Breakfast
No matter how busy you are this is a meal that shouldn't be skipped. Grabbing a piece of fruit and a hot drink on the way into work is fine - but go for plain tea rather than milky, high fat coffee drinks. If you have time to sit and eat at home, have something like 2 hard boiled eggs or a thinly spread peanut butter on wholemeal toast or high fibre cereal with skimmed or soy milk.
Morning Snack
If you feel the need to nibble at you desk, keep a supply off high fibre crackers such as Ryvita. Have one of these with a Babybel Lite or have a pot of low calorie yoghurt.
Lunch
If you have limited time and have to grab a sandwich from the high street or canteen, the best option is turkey, chicken or tuna on wholemeal bread. Avoid butter, cheese and mayo and add mustard instead. Ready-made salads are acceptable but they must have no more than 300 calories per pot. Soup is acceptable too as long as it is not cream based.
Another big pitfall in most dieter's diaries is socialising. Here is how the diet advises you deal with these occasions;
Cocktail Party
You are advised to eat 2 ryvita crisp breads with a lite Babybel and a large glass of water before you go. This should keep you feeling full enough to avoid temptation. If you know this wont be enough to deter you then allow yourself 4 canapes but count this as a small dinner and eat nothing more. Drink a long drink such as a spirit with a lot of mixer or wine with soda and keep adding ice. Sip it to make it last!
Eating Out
If you can, check the menu online before you go and plan what you will eat. This way you will be less likely to make a quick and unwise decision. You can have a little indulgence, but choose it carefully. Select only one of the following - bread, 2 glasses of wine or a shared pudding. This shouldn't leave you feeling deprived. For main meals always steer clear of rich cream or cheesy sauces and heavy dishes like pasta. Go for - you guessed it - Chicken, fish or beef!
The Buffet
If you have to eat at a buffet, take a small plate! Don't choose any bread and select "clean" foods such as salads and fruit.

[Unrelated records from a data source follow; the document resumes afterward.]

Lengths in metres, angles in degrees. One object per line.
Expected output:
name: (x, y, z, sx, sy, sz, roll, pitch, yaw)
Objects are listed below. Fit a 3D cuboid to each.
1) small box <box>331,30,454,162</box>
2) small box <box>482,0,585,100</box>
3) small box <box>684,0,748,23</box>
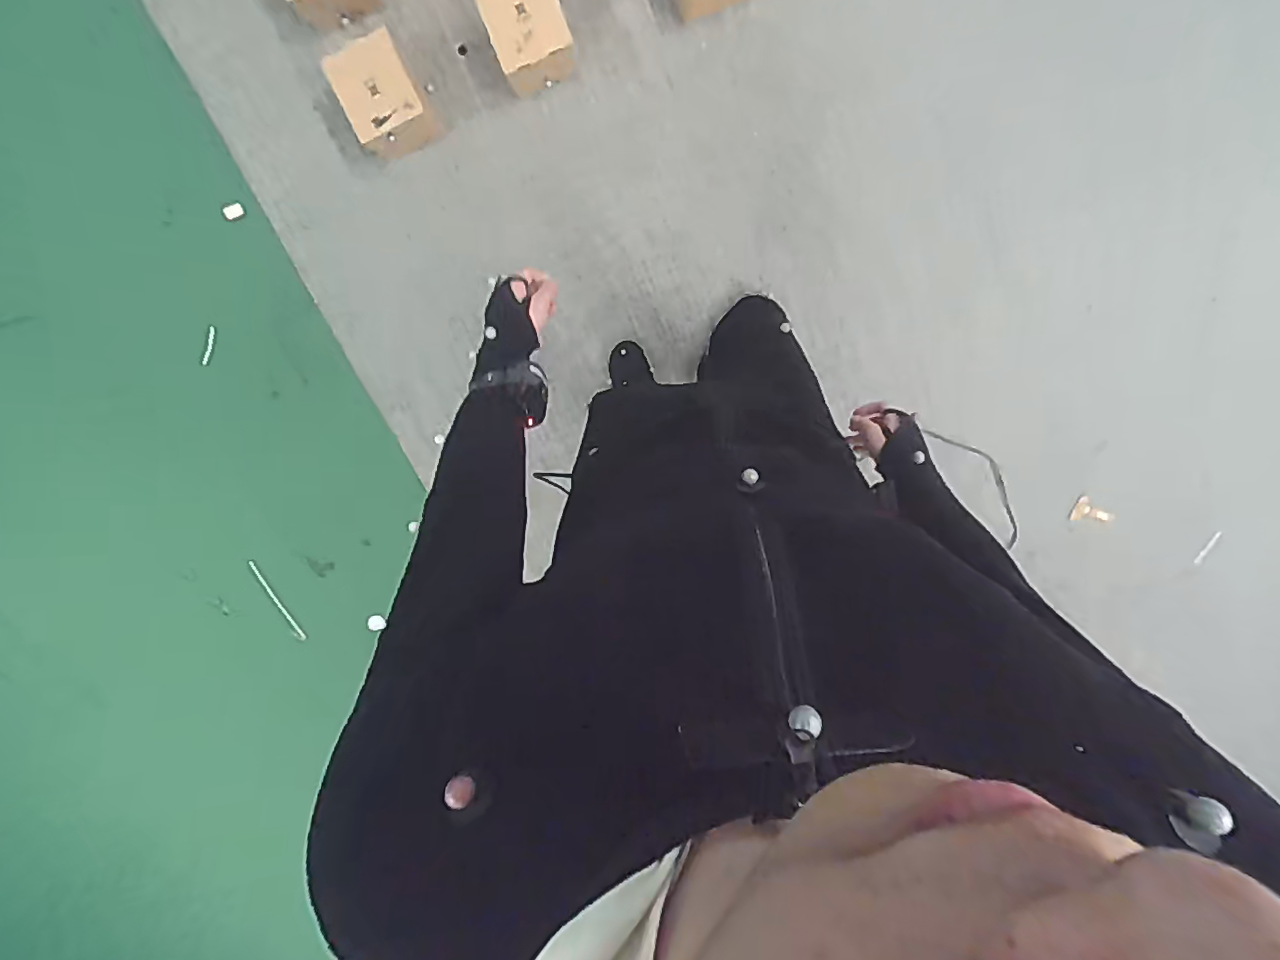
small box: (-0.571, -0.891, 1.273, 0.168, 0.176, 0.179, -21, 106, 8)
small box: (-0.238, -1.013, 1.228, 0.168, 0.176, 0.179, -20, 107, 8)
small box: (0.170, -1.154, 1.177, 0.179, 0.176, 0.168, -20, 107, 6)

And finally, how should you approach a healthy diet when travelling;
On The Aeroplane
This is tricky because we are all more likely to eat the meals on a plane because we often have nothing better to do! But beware - these mails are packed full of fats and calories. However, just eat the vegetables and protein if there is any, and drink lots of water. It is a good idea to take some snack packets of high fibre crispbread and lite Babybels so that you can shun the meal and eat your own food.
In The Hotel
Ask for your mini bar to be emptied! If you are travelling alone for business you will probably eat out of sheer boredom! Ask for a fruit platter so that you can nibble to your hearts content!
So the main principles behind The Wall Street Diet seem easy to remember and follow. And in a world filled with fad diets it seems to offer a pretty common sense, healthy approach to diet. Good Luck!